From source sequence generate target sequence.  


**Encoder**:   
$h_t = LSTM(h_{t-1}, x_t)$ - encoder hidden state     
$e_t = out_e(h_t)$ - output of encoder at time $t$     

**Decoder**:  
$s_t = LSTM(s_{t-1}, y_{t-1})$ - decoder hidden state  
$g_t = out_g(s_t)$ - output of decoder at time $t$  
$p_t = softmax(g_t)$ - probabilities of tokens at time $t$  
$y_t = argmax(p_t)$ - predicted token at time $t$  
$s_o = h_T$ - initial decoder hidden state is the last encoder hidden state.  


Seq2seq is a classification task. Because at every time step you have to choose what token to output.   
Loss function is very similar to autoregression case = is an average of cross-entropy loss on tokens. 
Since it is an average, it doesn't depend on the sequence length. 

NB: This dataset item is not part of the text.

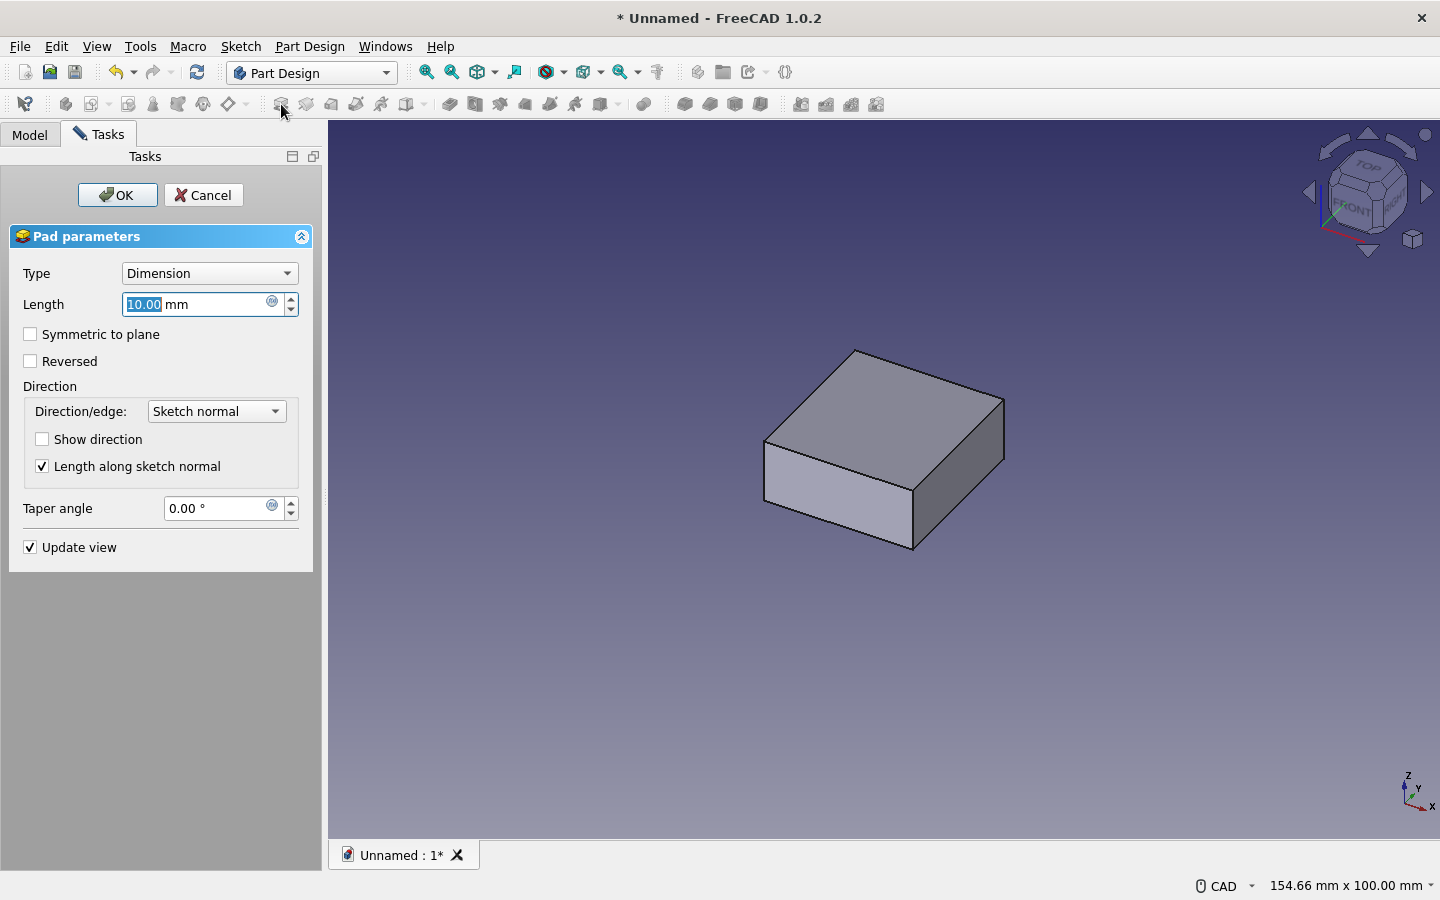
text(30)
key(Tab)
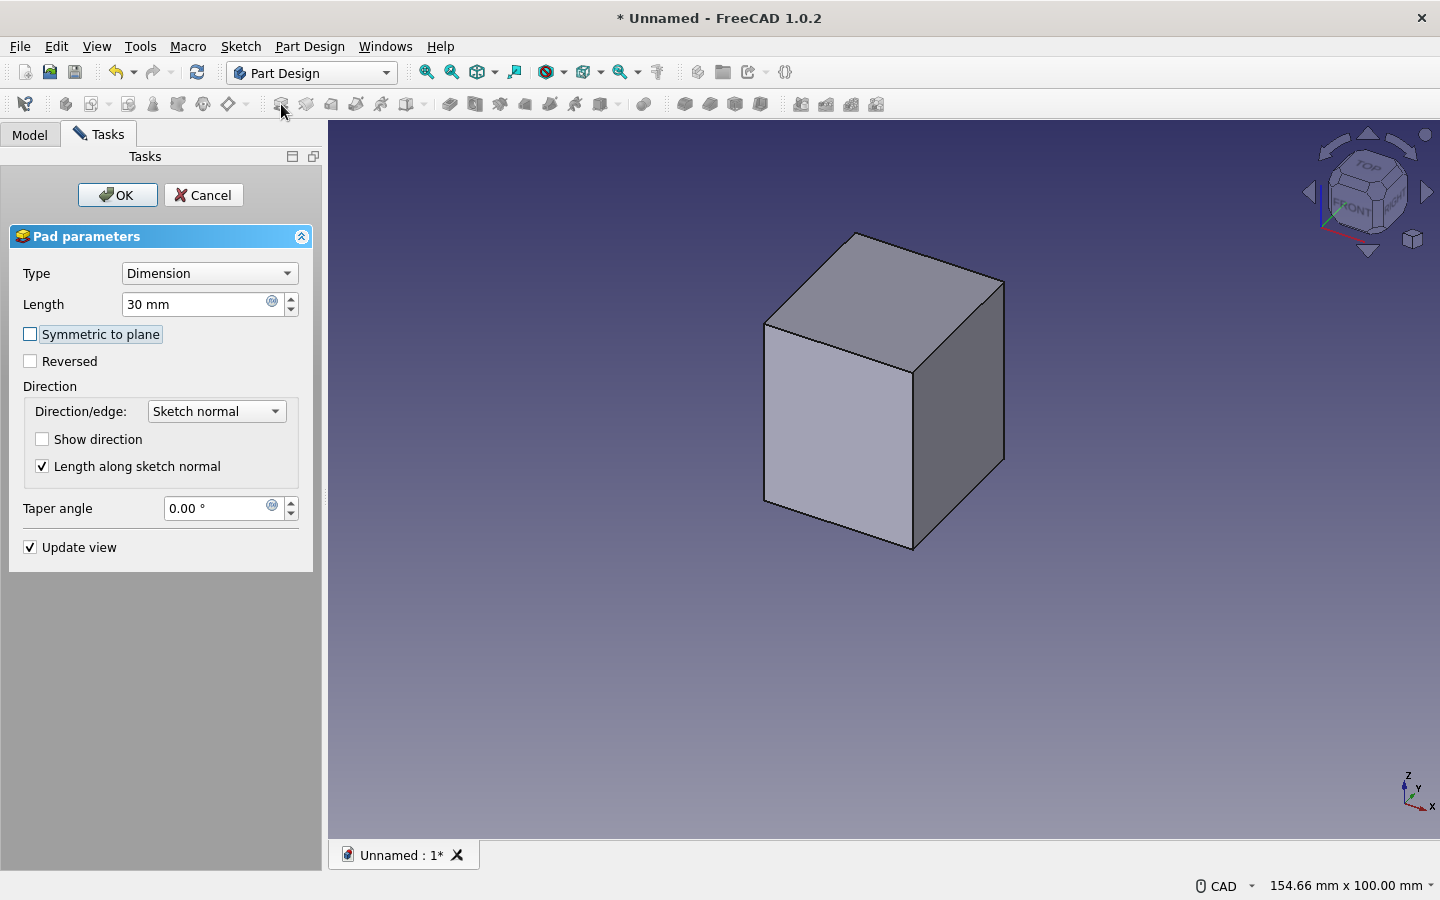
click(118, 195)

$$ Loss(S_{pred}, S_{target}) = \frac 1 {|S_{target}|} \sum_{i=1}^{|S_{target}|} cross\_entropy(y_i, \hat y_i)$$
where  
$S_{pred}, S_{target}$ - predicted and target sequences.  
$y_i, \hat y_i$ - target token and predicted token for corresponding sequences.  
If predicted sequence is shorter than the target sequence, it should be padded to target sequence length.  
If predicted sequence is longer than the target sequence, it should be cutted to target sequence length.    
Because you train your model with mini-batches, you have to pad your target sequences to have common length.  
Padding value should not be counted as an error.  
All that is done for your by `torch.nn.CrossEntropyLoss(ignore_index = <your padding value>)`

## 2 Teacher forcing 

There is a problem with training the decoder.  
Because at $y_{t}$ depends on $y_{t-1}, ..., y_0$, if at some timestamp a wrong token is predicted, the rest of the sequence will be wrong too.   
So teacher forcing method was introduced.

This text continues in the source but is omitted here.